Неожиданно Кэтрин показалось, что на улице слишком холодно, для того чтобы строить какие-либо планы. Это удивило ее — она привыкла решать свои проблемы под небом Вермонта в любое время года. Но в эту ночь темное небо не приносило ясности мышления, а лишь заставляло ежиться от холода. Она вдруг подумала, что Майкл О’Коннел, наверное, не чувствует холода, — его греет одержимость.
Кэтрин посмотрела на ряд деревьев, окаймлявших большое пространство около дома, которое было расчищено ее мужем для Хоуп к ее одиннадцатилетию. Он арендовал для этой цели трактор, а затем засеял участок выносливой дернообразующей травой и поставил стойки для ворот. Обычно вид этого небольшого футбольного поля будил у Кэтрин множество дорогих для нее воспоминаний. Но сегодня она не замечала его, глаза ее были устремлены дальше, и ей чудилось, что там, в темноте, прячется О’Коннел и наблюдает за ними.
Скрипнув зубами, Кэтрин повернулась и направилась в дом, но предварительно сделала в сторону деревьев непристойный жест — на всякий случай. Было уже далеко за полночь, а предстояло еще уложить вещи. Ее собственный баул был готов, но Эшли, еще не оправившаяся от потрясения, собиралась медленно.
Скотт пил черный кофе на кухне. На столе перед ним лежал дробовик. Он задумчиво провел пальцем по стволу и пожалел, что Кэтрин так и не спустила курок, — это сразу решило бы проблему. Наверное, они провели бы остаток ночи в беседах с полицейскими и следователями и пришлось бы нанимать для Кэтрин адвоката, хотя он сомневался, что ее арестовали бы. Если бы пожилая женщина застрелила этого ублюдка на пороге своего дома, они все вместе как-нибудь выкрутились бы. И через несколько дней жизнь вернулась бы в обычную колею.
Он слышал, как Кэтрин вошла в дом и прошла на кухню.
— Присоединюсь к вам, — сказала она, наливая себе кофе.
— Да, у нас впереди долгая ночь.
— И не только впереди.
— Эшли еще не собралась?
— Будет готова через минуту.
— Она никак не может успокоиться.
— Ее можно понять, — кивнула Кэтрин. — Я тоже еще не вполне успокоилась.
— По вам это не заметно.
— У меня опыт больше.
— Да, жаль… — начал Скотт, но осекся.
Кэтрин криво улыбнулась:
— Я понимаю, о чем вы жалеете.
— Как было бы здорово, если бы вы избавили нас от него!
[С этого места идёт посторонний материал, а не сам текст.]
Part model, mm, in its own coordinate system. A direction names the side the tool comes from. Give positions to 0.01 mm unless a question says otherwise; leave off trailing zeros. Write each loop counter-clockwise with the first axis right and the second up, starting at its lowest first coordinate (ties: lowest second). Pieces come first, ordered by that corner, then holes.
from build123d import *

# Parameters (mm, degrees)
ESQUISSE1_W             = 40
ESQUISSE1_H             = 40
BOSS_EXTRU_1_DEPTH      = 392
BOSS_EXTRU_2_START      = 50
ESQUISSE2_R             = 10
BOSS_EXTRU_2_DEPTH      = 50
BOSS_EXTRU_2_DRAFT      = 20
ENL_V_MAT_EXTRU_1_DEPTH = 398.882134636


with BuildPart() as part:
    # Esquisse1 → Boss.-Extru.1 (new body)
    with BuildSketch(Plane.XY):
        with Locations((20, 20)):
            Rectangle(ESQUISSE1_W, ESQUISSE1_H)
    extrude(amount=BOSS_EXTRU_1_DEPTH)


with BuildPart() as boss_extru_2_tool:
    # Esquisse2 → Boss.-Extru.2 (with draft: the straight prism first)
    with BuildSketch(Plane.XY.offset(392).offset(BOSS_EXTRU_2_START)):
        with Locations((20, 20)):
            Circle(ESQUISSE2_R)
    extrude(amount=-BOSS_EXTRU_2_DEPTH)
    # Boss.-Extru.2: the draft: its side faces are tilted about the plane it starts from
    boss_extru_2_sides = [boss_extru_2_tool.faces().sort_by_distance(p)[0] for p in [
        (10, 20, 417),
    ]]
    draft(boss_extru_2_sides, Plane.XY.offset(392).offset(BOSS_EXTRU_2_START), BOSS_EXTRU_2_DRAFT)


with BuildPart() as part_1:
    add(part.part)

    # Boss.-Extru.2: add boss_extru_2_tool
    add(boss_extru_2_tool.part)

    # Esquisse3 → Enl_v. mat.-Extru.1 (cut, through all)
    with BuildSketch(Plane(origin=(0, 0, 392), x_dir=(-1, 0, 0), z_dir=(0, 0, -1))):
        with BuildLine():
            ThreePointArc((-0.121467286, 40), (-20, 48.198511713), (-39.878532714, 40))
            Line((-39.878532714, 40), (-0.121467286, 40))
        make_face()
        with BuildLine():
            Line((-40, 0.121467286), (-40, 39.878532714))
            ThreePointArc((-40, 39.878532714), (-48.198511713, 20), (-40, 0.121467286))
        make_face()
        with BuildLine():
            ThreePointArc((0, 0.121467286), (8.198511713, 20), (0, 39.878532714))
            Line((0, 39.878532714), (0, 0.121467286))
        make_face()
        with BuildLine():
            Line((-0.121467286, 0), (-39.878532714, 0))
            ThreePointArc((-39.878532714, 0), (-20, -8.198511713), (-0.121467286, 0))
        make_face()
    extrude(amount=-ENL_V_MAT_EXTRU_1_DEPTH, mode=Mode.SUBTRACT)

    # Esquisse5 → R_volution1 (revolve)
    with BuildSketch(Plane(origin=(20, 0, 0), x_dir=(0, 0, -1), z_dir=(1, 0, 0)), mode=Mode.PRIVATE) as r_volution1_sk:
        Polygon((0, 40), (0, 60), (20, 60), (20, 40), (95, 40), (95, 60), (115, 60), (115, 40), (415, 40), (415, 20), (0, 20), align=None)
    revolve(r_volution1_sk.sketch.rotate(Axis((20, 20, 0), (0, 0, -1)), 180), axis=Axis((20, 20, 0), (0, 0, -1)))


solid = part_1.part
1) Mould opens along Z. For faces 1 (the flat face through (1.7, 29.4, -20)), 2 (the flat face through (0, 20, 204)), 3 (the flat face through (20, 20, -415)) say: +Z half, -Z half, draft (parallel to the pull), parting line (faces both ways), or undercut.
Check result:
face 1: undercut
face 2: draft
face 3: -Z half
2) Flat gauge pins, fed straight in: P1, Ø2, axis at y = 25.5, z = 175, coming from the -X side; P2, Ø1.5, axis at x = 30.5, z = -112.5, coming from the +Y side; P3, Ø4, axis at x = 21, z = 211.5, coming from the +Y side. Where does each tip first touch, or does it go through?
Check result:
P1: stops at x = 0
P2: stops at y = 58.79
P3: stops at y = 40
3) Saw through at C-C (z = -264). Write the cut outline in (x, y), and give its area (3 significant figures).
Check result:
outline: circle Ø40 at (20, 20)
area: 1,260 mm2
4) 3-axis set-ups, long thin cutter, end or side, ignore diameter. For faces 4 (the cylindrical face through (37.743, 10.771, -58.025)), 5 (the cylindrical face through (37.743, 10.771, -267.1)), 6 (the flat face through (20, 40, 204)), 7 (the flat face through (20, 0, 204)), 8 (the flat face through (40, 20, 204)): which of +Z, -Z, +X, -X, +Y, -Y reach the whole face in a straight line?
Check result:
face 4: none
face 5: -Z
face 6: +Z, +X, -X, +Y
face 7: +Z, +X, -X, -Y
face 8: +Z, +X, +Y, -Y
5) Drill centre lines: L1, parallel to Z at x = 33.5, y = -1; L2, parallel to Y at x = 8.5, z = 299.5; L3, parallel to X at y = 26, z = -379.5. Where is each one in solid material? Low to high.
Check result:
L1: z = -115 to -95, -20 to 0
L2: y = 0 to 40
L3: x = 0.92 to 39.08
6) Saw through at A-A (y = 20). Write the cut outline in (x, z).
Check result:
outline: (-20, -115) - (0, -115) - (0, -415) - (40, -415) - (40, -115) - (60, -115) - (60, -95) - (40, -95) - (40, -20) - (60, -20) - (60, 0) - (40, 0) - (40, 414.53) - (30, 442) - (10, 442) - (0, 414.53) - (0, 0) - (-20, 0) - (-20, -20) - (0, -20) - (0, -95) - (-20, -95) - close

— Да, сейчас я чувствую то же самое.
Обоим пришла в голову одна и та же мысль, которую они не высказали: у них больше никогда не будет возможности держать О’Коннела под прицелом. Скотт сразу же постарался отогнать эту мысль — цивилизованная часть его сознания говорила ему, что проблемы не решают с помощью насилия. Но в другой части всплывал вопрос: «А почему?»
В дверях появилась Эшли.
— Ну вот, — сказала она, — я готова. — Глядя на Кэтрин и отца, она добавила: — Вы уверены, что нам надо уезжать?
— Здесь очень уединенное место, дорогая, — тщательно подбирая слова, ответила Кэтрин. — И бог его знает, что предпримет мистер О’Коннел.
— Это несправедливо, — сказала вдруг Эшли. — Несправедливо по отношению ко мне, по отношению к вам, да и вообще несправедливо.
— Сейчас, я думаю, справедливость уже не так актуальна, — заметил Скотт.
— Сейчас надо думать о безопасности, — поддержала его Кэтрин. — Поэтому лучше уж перестраховаться.
Эшли сжала кулаки, стараясь не расплакаться опять.
— Давайте уедем все вместе, — продолжил Скотт. — К тому же и твоей маме, и Хоуп будет гораздо спокойнее, если ты будешь дома. А Кэтрин уж точно не захочет встречаться здесь наедине с этим подонком, когда он поймет, что мы увезли тебя.
— В следующий раз, — заявила Кэтрин, похлопав рукой по дробовику, — я не стану долго с ним разговаривать.
Скотт и Эшли улыбнулись.
— Кэтрин, — сказала Эшли, — я думаю, из тебя получился бы отличный киллер.
— Спасибо за комплимент, дорогая, — польщенно отозвалась Кэтрин.
Скотт поднялся из-за стола.
— Итак, вы точно помните, кто и что должен делать? — спросил он.
Обе кивнули.
— Не слишком ли сложно? — выразила сомнение Кэтрин.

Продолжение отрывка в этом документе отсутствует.